[ad_1]
Text description provided by the architect. The project “Meyer Anker” was an effort to design a country home for a family of six brothers, an extension of the old house their mother had built 35 years earlier. It was developed in a rural setting with a cluster of crude, detached tin-roofed huts. The central challenge of the design was to create a new space that had to blend in with its surroundings, bringing a sense of integrity that complemented the existing built form, maintaining its pride and the true culture of this residence.
The form of the new building began to evolve by organizing the spaces around courtyards. The layering of formal, semi-formal and private spaces around the courts ensures free-flowing connections through balconies and corridors, integrating with nature but still maintaining appropriate control and privacy for each space.

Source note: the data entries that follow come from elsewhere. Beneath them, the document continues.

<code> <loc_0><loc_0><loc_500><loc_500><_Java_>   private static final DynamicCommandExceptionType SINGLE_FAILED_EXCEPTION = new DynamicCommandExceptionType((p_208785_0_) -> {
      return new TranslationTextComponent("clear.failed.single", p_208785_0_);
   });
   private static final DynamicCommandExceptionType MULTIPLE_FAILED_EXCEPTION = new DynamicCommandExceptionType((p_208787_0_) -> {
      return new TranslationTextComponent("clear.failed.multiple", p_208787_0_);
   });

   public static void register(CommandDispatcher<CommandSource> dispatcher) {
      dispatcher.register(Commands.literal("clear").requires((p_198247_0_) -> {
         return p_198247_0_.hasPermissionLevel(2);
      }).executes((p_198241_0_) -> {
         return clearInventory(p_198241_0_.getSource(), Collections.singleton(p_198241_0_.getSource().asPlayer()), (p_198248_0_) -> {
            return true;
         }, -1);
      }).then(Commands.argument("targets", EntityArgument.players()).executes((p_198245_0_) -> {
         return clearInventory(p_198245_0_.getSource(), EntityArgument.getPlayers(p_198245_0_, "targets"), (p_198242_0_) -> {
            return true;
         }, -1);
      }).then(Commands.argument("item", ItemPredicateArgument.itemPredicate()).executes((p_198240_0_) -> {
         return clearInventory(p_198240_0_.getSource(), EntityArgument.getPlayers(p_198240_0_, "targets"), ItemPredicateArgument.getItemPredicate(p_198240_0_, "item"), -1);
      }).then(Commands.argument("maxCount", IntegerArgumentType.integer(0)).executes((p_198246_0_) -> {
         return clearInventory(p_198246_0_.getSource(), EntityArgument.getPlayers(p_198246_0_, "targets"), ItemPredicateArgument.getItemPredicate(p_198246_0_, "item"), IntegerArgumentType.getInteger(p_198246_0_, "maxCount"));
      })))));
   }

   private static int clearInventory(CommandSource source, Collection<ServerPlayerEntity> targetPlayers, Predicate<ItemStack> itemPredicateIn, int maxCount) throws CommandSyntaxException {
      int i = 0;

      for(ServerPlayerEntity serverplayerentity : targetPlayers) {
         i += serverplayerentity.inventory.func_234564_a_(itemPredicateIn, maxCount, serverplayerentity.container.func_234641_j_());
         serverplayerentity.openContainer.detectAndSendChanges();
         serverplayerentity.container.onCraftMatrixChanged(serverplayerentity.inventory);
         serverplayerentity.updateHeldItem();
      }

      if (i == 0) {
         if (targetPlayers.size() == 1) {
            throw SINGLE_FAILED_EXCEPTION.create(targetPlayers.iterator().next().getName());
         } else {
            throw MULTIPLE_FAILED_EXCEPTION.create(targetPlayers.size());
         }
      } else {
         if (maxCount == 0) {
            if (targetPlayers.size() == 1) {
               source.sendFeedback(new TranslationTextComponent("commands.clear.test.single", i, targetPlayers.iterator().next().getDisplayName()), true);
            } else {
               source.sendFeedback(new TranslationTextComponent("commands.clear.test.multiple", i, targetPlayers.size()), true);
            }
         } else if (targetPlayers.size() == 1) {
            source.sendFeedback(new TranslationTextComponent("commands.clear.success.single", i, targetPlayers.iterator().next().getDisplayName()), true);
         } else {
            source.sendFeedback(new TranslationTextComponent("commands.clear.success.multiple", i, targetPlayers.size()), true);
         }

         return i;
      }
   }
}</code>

Your visual journey always finds smooth transitions from one space to another, from outdoors to indoors, indoors to semi-outdoor, semi-outdoor to open terrace, and then merges into the lush green garden, stepping into the old courtyard to combine them A strong dialogue is created between the spaces stitched together, ensuring optimal visual alliance.
Priority was given to natural surroundings that ensured natural light and natural ventilation. Projecting roofs, deeply pitched roof extensions and corridors around the pitch help protect the interior from direct solar heat and from heavy rain. Optimum aperture and its maximum exposure control provide ample options for interior environments depending on climatic conditions.
The building is designed as a RCC frame structure with columns resting on independent foundations. The pitched roof is made from MS hollow box trusses and purlins to hold the clay roof tiles on top of it. Most concrete surfaces maintain a cast appearance without the need for any finishing materials. Almost all vertical walls are made of exposed masonry without any plaster. Most of the floor finishes are locally sourced matte tiles, with the exception of ceramic pavers used in the driveway. Sliding windows, folding windows and casement windows are made of aluminum profiles and filled with tempered glass of different thicknesses according to size. All doors exposed to the outside environment are made of teak, the rest are ordinary swing doors.
The old house bears witness to numerous memories of social events and festivals, with social gatherings and interactions among family members often spilling over into informal gatherings in courtyards, balconies and under the shade of trees. The same spirit plays a key role in organizing semi-open outdoor seating, wide steps descending into the landscape, open sky terraces and semi-open pavilions that, in addition to formal spaces, can host wider views Same family gatherings. . All of these spaces are furnished with custom-designed furniture, many of which are inspired by old pieces the family has used at different stages of their lives.